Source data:
★ ★ ★ ★ ★

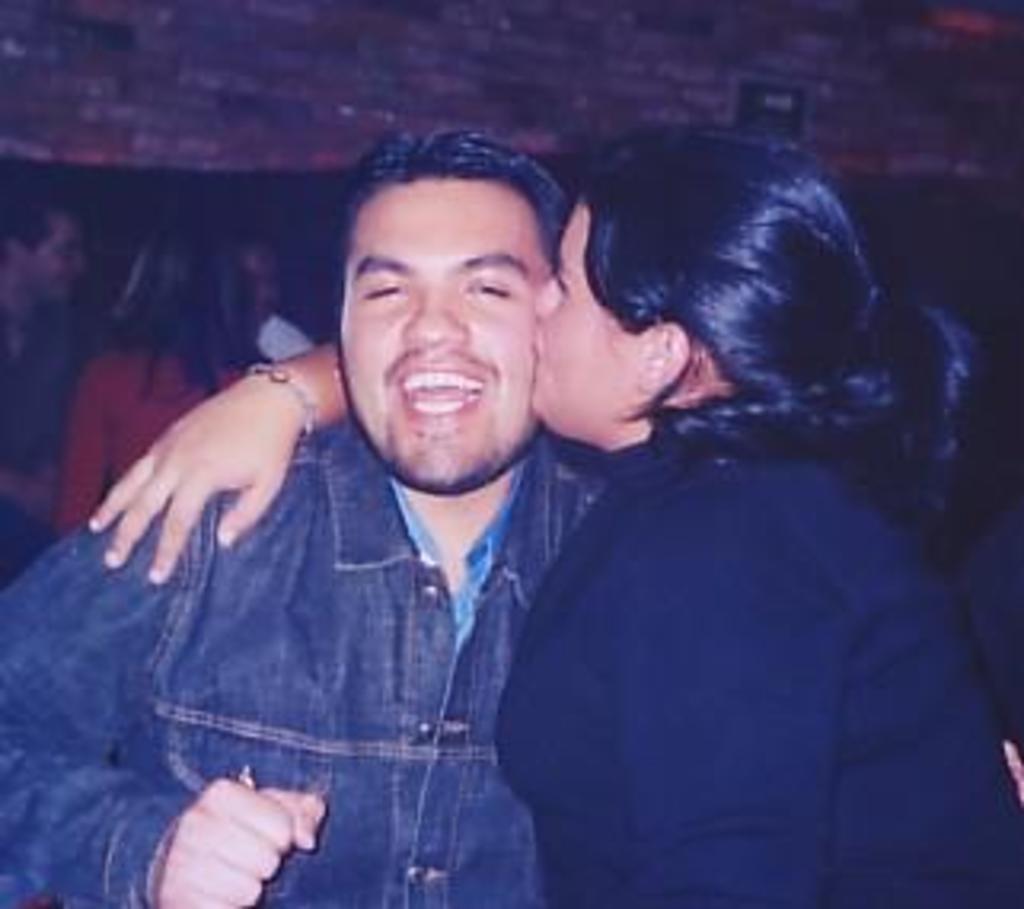Could you give a brief overview of what you see in this image? In the picture I can see a woman wearing black dress is kissing on the cheeks of a man in front of him and there are few other persons in the background. 
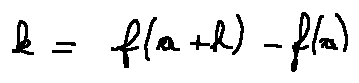<formula> <loc_0><loc_0><loc_500><loc_500>k = f ( a + h ) - f ( a )</formula> 
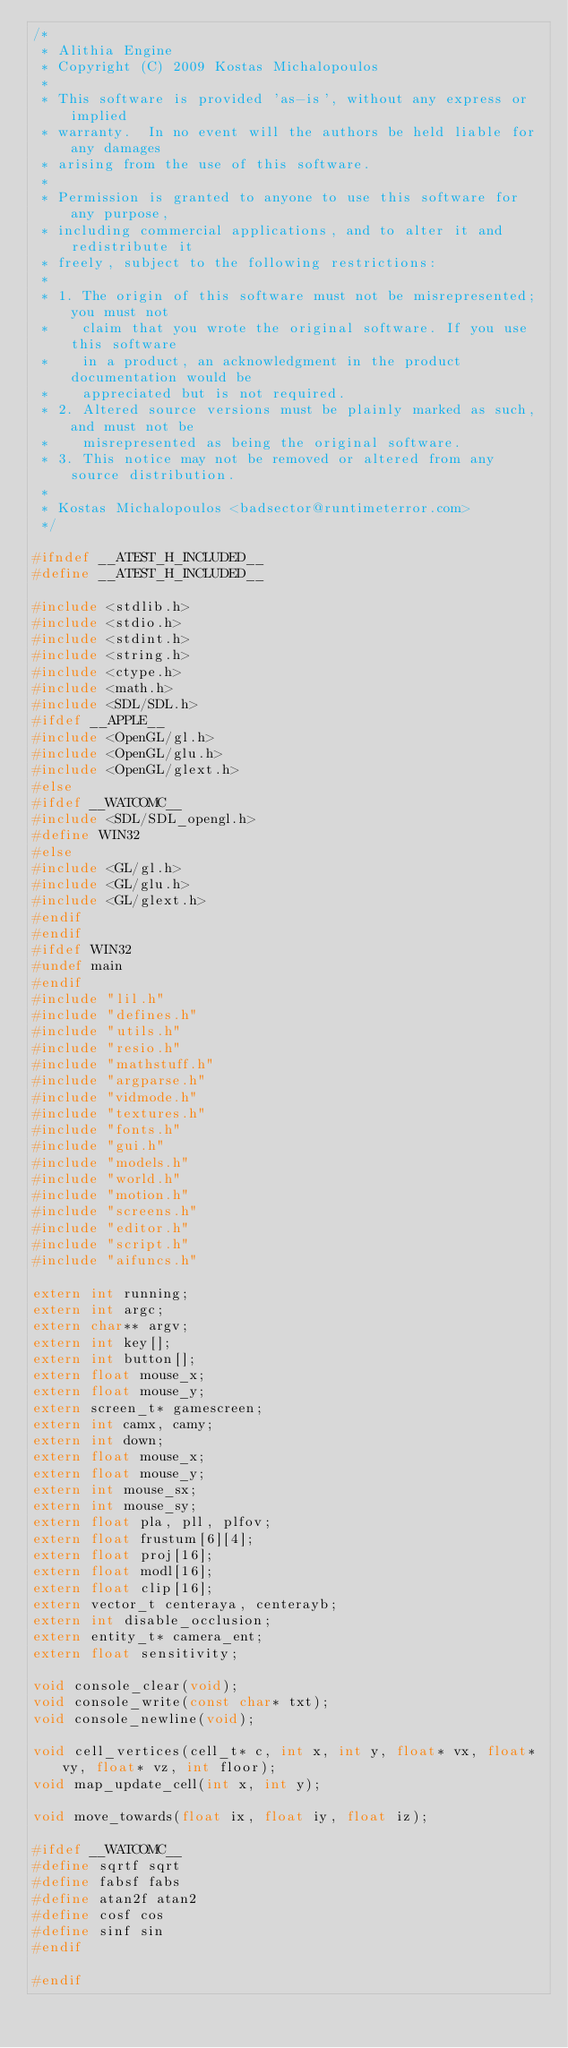Convert code to text. <code><loc_0><loc_0><loc_500><loc_500><_C_>/*
 * Alithia Engine
 * Copyright (C) 2009 Kostas Michalopoulos
 *
 * This software is provided 'as-is', without any express or implied
 * warranty.  In no event will the authors be held liable for any damages
 * arising from the use of this software.
 *
 * Permission is granted to anyone to use this software for any purpose,
 * including commercial applications, and to alter it and redistribute it
 * freely, subject to the following restrictions:
 *
 * 1. The origin of this software must not be misrepresented; you must not
 *    claim that you wrote the original software. If you use this software
 *    in a product, an acknowledgment in the product documentation would be
 *    appreciated but is not required.
 * 2. Altered source versions must be plainly marked as such, and must not be
 *    misrepresented as being the original software.
 * 3. This notice may not be removed or altered from any source distribution.
 *
 * Kostas Michalopoulos <badsector@runtimeterror.com>
 */

#ifndef __ATEST_H_INCLUDED__
#define __ATEST_H_INCLUDED__

#include <stdlib.h>
#include <stdio.h>
#include <stdint.h>
#include <string.h>
#include <ctype.h>
#include <math.h>
#include <SDL/SDL.h>
#ifdef __APPLE__
#include <OpenGL/gl.h>
#include <OpenGL/glu.h>
#include <OpenGL/glext.h>
#else
#ifdef __WATCOMC__
#include <SDL/SDL_opengl.h>
#define WIN32
#else
#include <GL/gl.h>
#include <GL/glu.h>
#include <GL/glext.h>
#endif
#endif
#ifdef WIN32
#undef main
#endif
#include "lil.h"
#include "defines.h"
#include "utils.h"
#include "resio.h"
#include "mathstuff.h"
#include "argparse.h"
#include "vidmode.h"
#include "textures.h"
#include "fonts.h"
#include "gui.h"
#include "models.h"
#include "world.h"
#include "motion.h"
#include "screens.h"
#include "editor.h"
#include "script.h"
#include "aifuncs.h"

extern int running;
extern int argc;
extern char** argv;
extern int key[];
extern int button[];
extern float mouse_x;
extern float mouse_y;
extern screen_t* gamescreen;
extern int camx, camy;
extern int down;
extern float mouse_x;
extern float mouse_y;
extern int mouse_sx;
extern int mouse_sy;
extern float pla, pll, plfov;
extern float frustum[6][4];
extern float proj[16];
extern float modl[16];
extern float clip[16];
extern vector_t centeraya, centerayb;
extern int disable_occlusion;
extern entity_t* camera_ent;
extern float sensitivity;

void console_clear(void);
void console_write(const char* txt);
void console_newline(void);

void cell_vertices(cell_t* c, int x, int y, float* vx, float* vy, float* vz, int floor);
void map_update_cell(int x, int y);

void move_towards(float ix, float iy, float iz);

#ifdef __WATCOMC__
#define sqrtf sqrt
#define fabsf fabs
#define atan2f atan2
#define cosf cos
#define sinf sin
#endif

#endif
</code> 
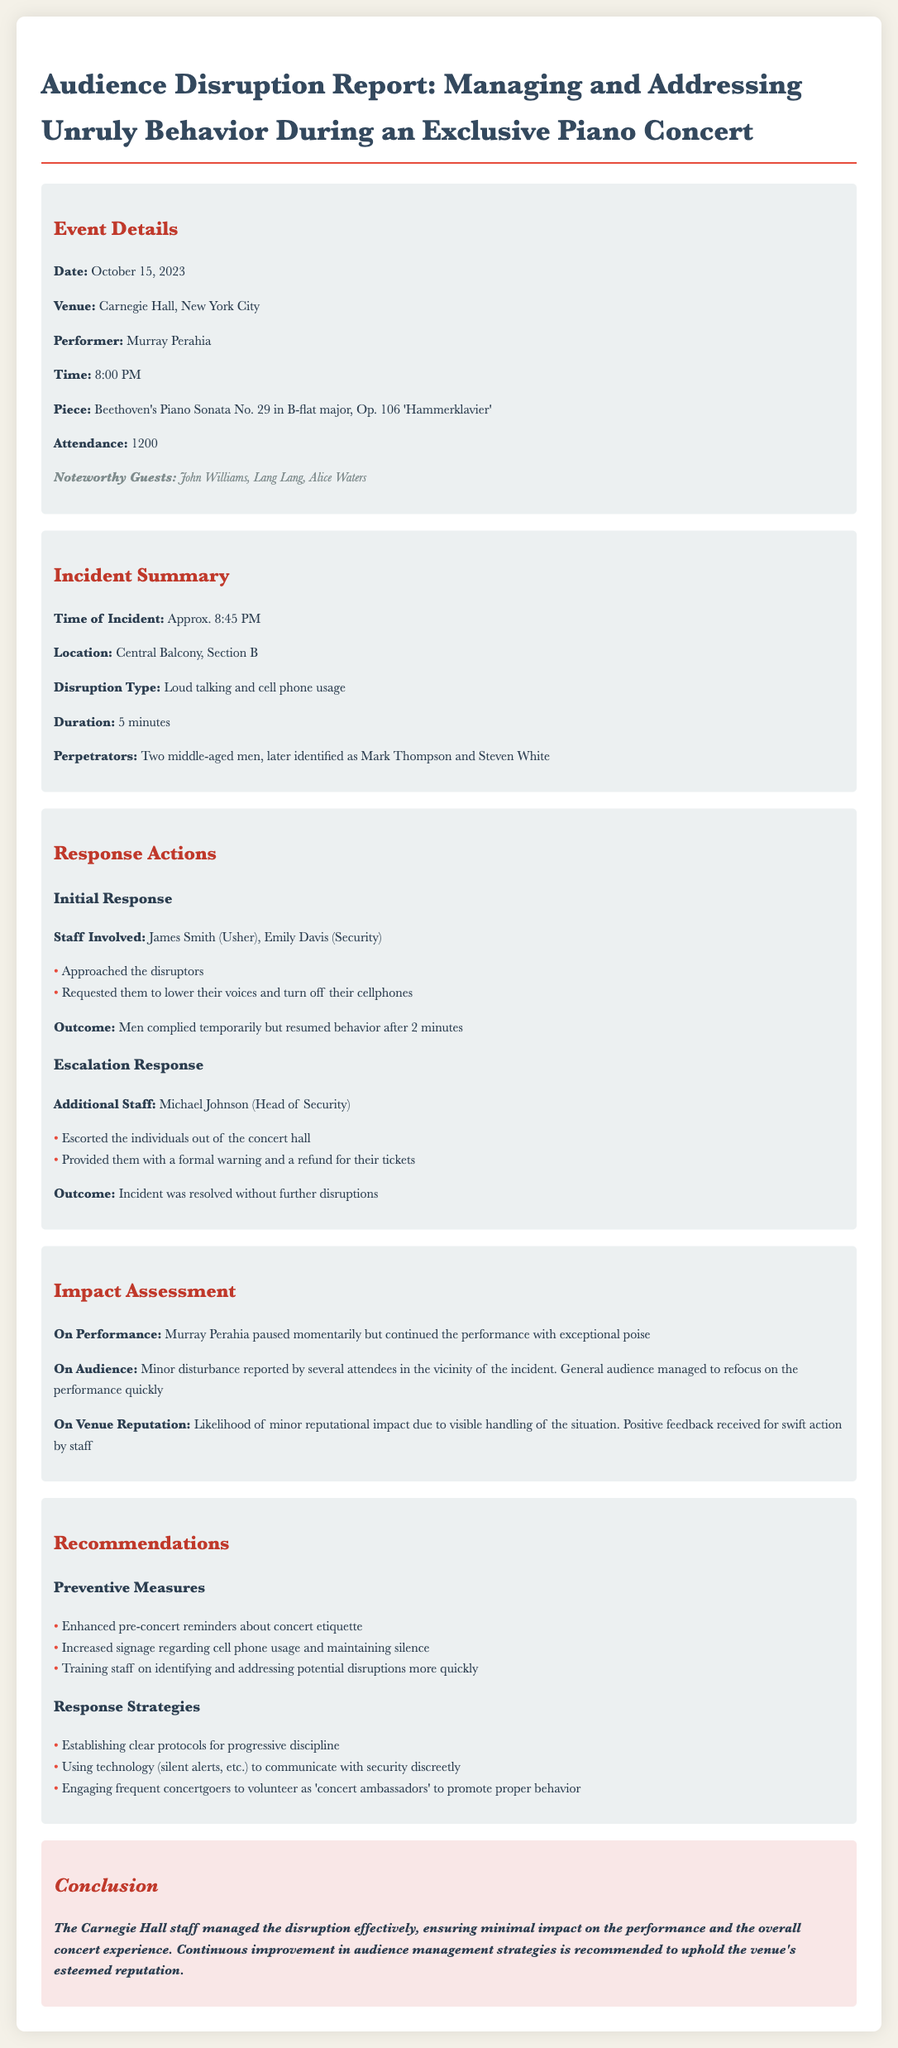what was the date of the concert? The date of the concert is listed in the event details section.
Answer: October 15, 2023 who was the performer at the concert? The performer is mentioned in the event details section of the document.
Answer: Murray Perahia what was the disruption type during the concert? The disruption type is specified in the incident summary.
Answer: Loud talking and cell phone usage what actions were taken in response to the disruption? The response actions outline both initial and escalation responses.
Answer: Approached the disruptors how long did the disruption last? The duration of the disruption is provided in the incident summary.
Answer: 5 minutes what was the outcome of the escalation response? The outcome of the escalation response is detailed in the response actions section.
Answer: Incident was resolved without further disruptions what impact did the incident have on the audience? The impact on the audience is assessed in the impact assessment section.
Answer: Minor disturbance reported what recommendations are suggested for preventive measures? The recommendations section lists several preventive measures.
Answer: Enhanced pre-concert reminders about concert etiquette what was the time of the incident? The time of the incident is mentioned in the incident summary.
Answer: Approx. 8:45 PM who were the perpetrators of the disruption? The perpetrators are identified in the incident summary.
Answer: Mark Thompson and Steven White 
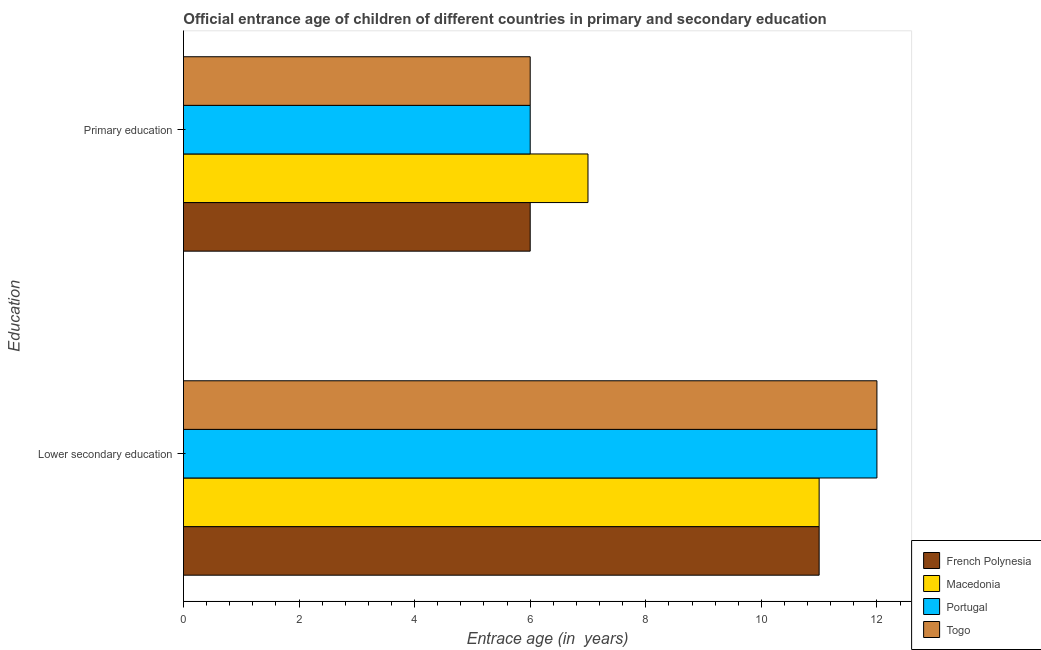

★ ★ ★ ★ ★

◆ Assignment:
What lines in the data hold the word "original"? Return them.

◆ Task response:
 *    claim that you wrote the original software. If you use this software
 *    misrepresented as being the original software.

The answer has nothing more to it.